[Items from a data source]
○ ○ ○ ○

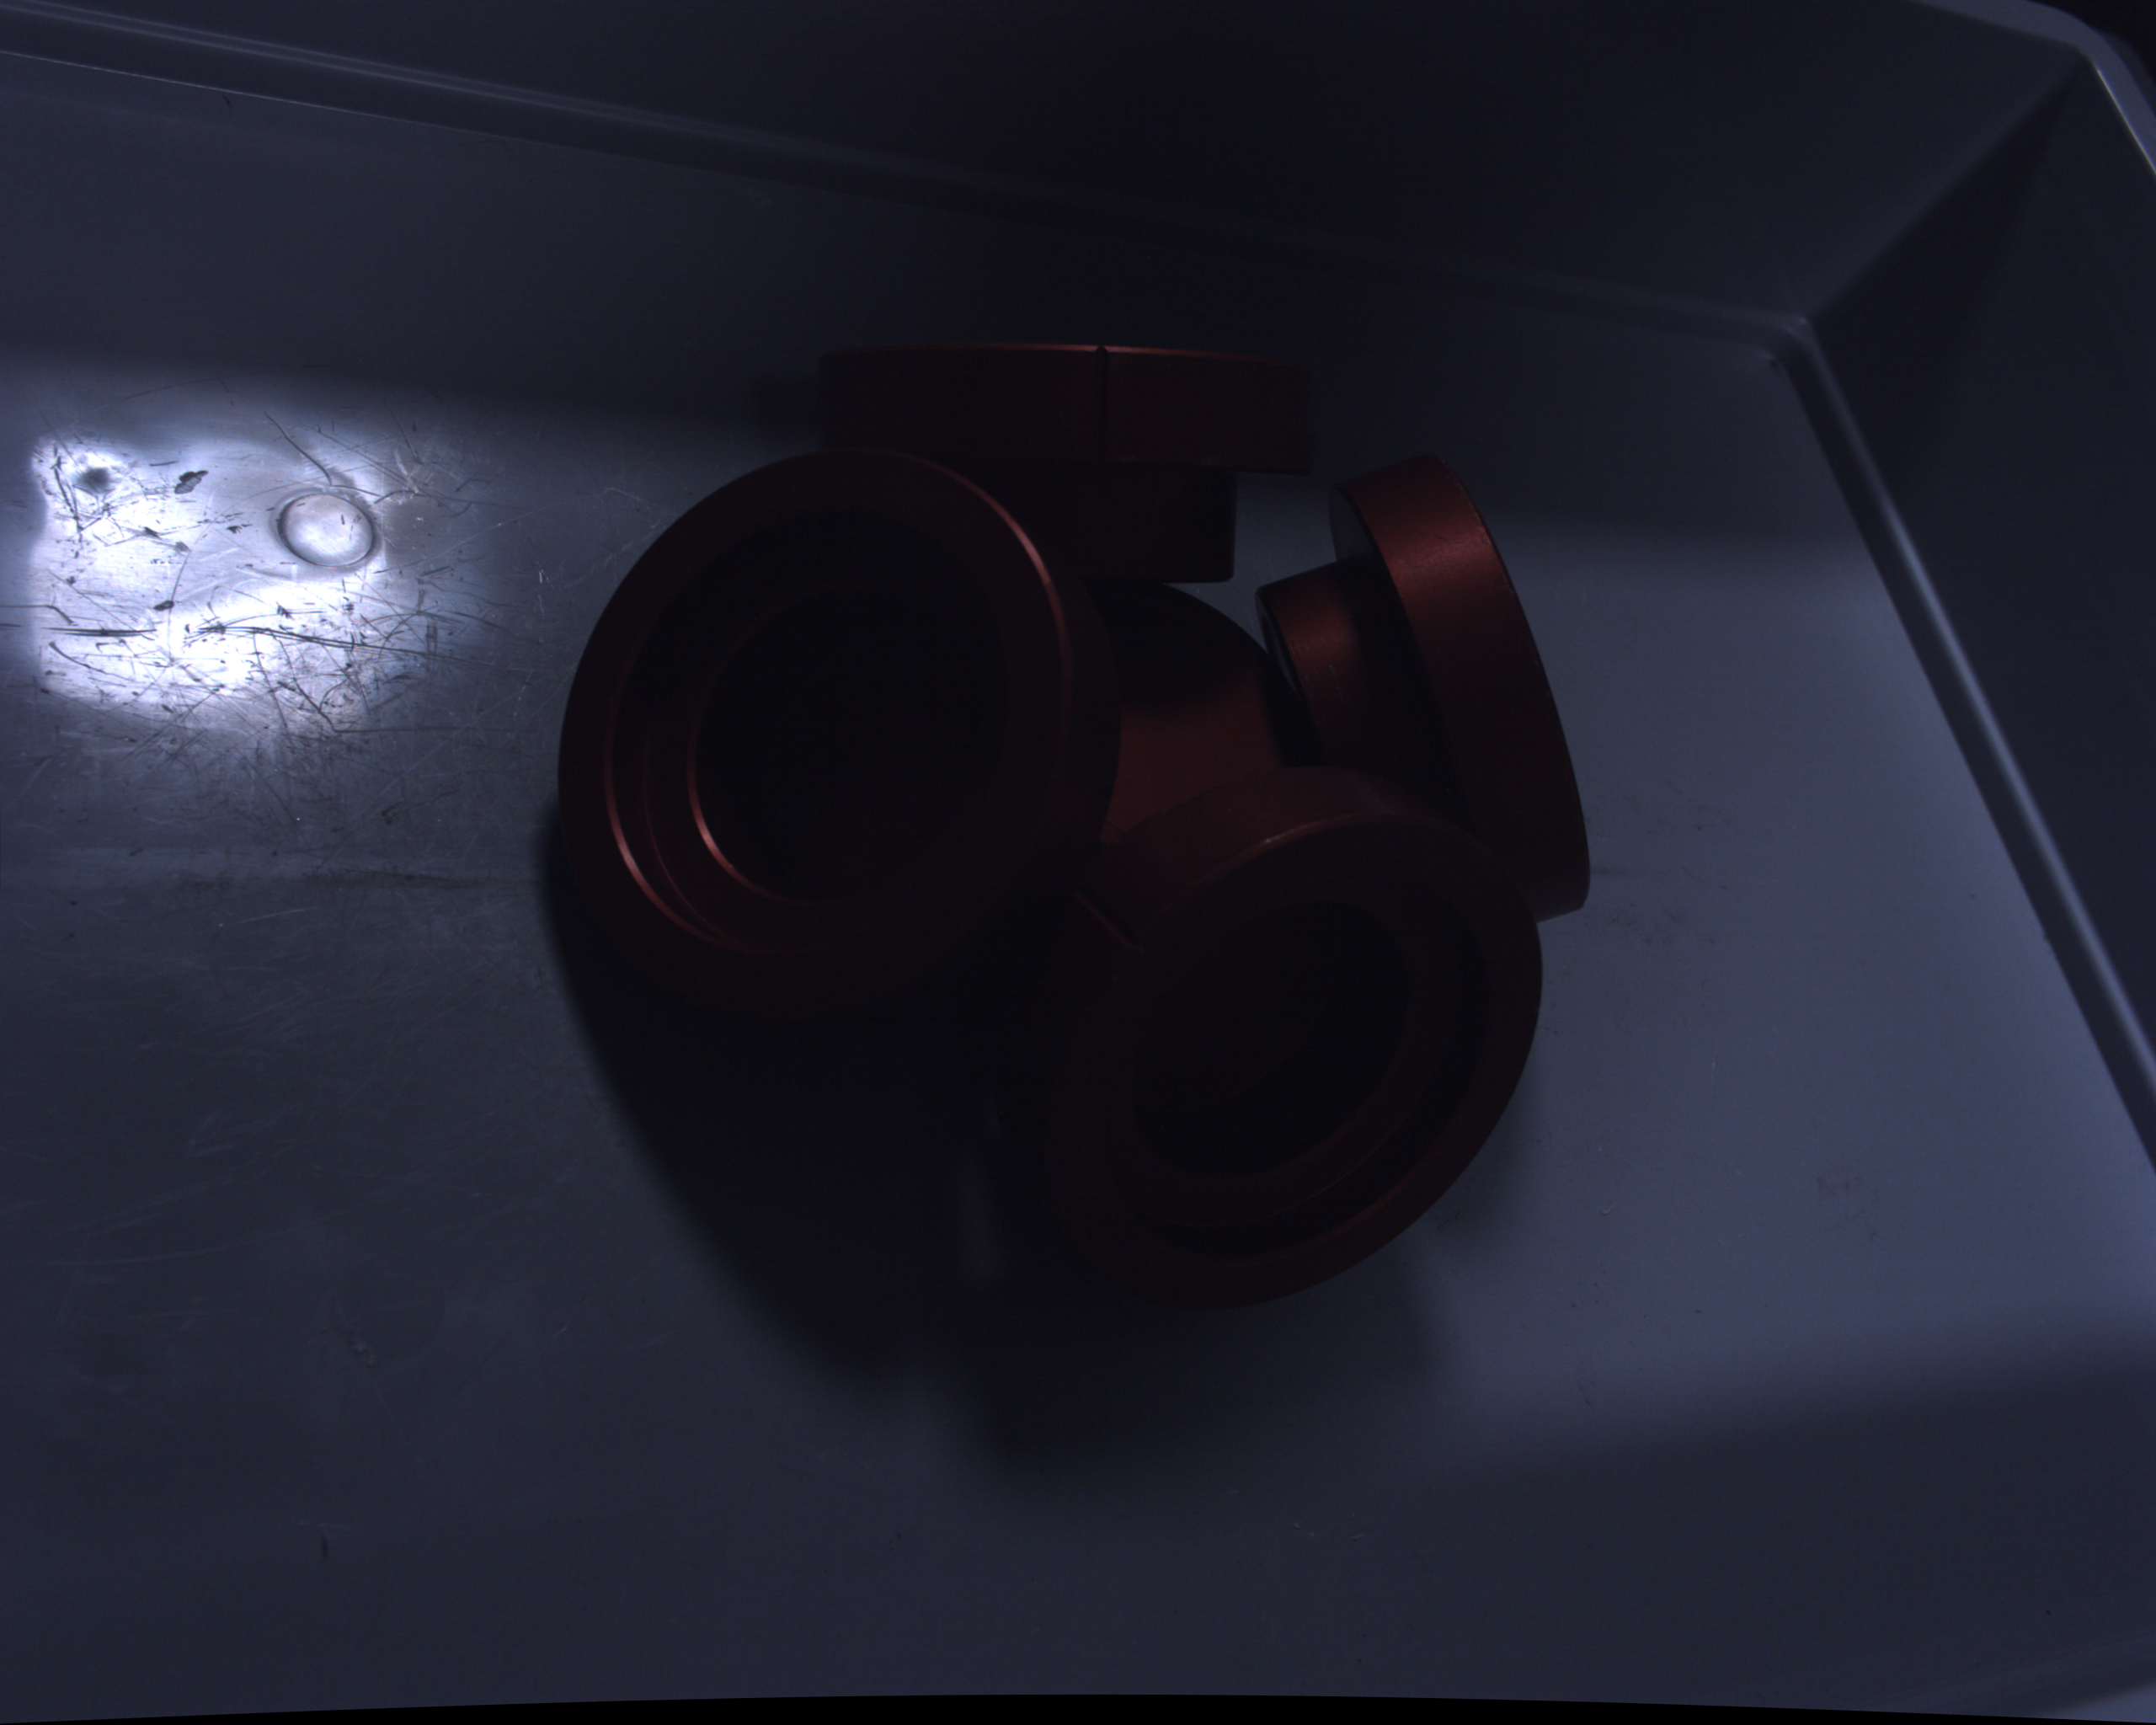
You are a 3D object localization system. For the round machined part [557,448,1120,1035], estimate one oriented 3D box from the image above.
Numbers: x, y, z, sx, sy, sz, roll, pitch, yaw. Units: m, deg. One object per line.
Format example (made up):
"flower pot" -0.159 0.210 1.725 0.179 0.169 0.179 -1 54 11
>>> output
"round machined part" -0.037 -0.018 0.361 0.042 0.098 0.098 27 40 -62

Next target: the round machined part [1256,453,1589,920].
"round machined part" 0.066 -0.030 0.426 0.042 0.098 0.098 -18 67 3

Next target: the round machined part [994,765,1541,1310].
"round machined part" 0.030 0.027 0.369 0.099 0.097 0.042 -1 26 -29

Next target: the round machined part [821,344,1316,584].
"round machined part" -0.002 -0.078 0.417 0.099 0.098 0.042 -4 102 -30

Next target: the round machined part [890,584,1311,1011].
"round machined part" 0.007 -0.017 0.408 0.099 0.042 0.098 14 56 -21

○ ○ ○ ○

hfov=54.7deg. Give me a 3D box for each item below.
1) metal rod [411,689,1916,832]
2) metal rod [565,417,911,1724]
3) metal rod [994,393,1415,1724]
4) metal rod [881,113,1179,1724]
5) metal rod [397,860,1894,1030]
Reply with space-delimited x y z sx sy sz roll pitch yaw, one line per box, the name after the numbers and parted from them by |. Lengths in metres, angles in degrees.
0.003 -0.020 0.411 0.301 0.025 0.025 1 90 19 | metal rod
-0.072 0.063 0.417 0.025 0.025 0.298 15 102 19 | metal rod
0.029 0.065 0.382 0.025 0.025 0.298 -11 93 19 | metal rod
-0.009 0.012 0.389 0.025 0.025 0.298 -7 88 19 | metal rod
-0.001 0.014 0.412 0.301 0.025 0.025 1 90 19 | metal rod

○ ○ ○ ○

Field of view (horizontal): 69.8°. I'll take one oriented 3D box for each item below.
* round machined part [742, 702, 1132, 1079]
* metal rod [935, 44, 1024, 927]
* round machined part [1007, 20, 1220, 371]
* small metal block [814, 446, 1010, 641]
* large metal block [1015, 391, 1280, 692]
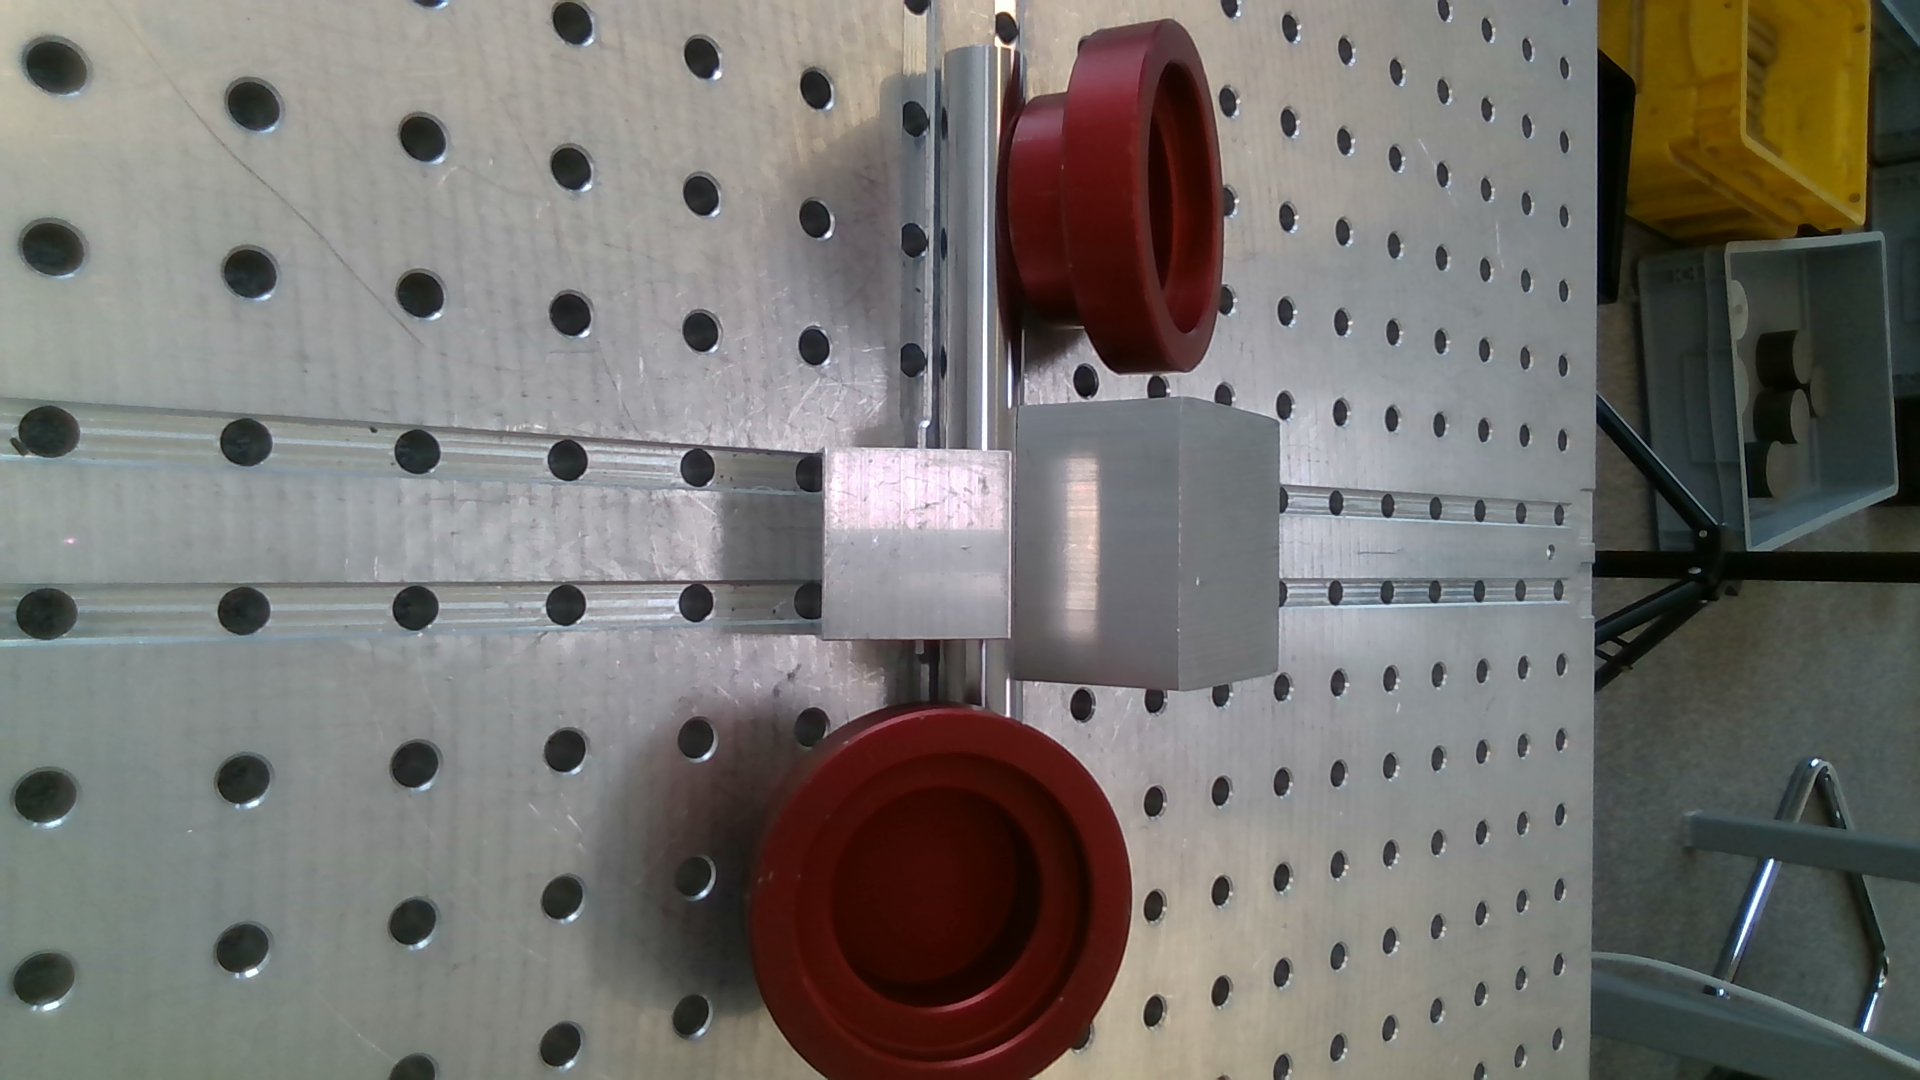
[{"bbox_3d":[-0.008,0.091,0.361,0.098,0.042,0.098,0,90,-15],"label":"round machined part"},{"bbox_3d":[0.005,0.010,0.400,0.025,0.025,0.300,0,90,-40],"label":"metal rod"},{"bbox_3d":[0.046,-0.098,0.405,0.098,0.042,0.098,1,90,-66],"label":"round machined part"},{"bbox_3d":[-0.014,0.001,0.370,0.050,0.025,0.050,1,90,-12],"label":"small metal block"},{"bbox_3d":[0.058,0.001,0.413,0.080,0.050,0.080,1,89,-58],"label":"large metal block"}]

○ ○ ○ ○

Action item:
Copy every line in the entries above that has the string "below" in it.

Output of the task:
hfov=54.7deg. Give me a 3D box for each item below.
Field of view (horizontal): 69.8°. I'll take one oriented 3D box for each item below.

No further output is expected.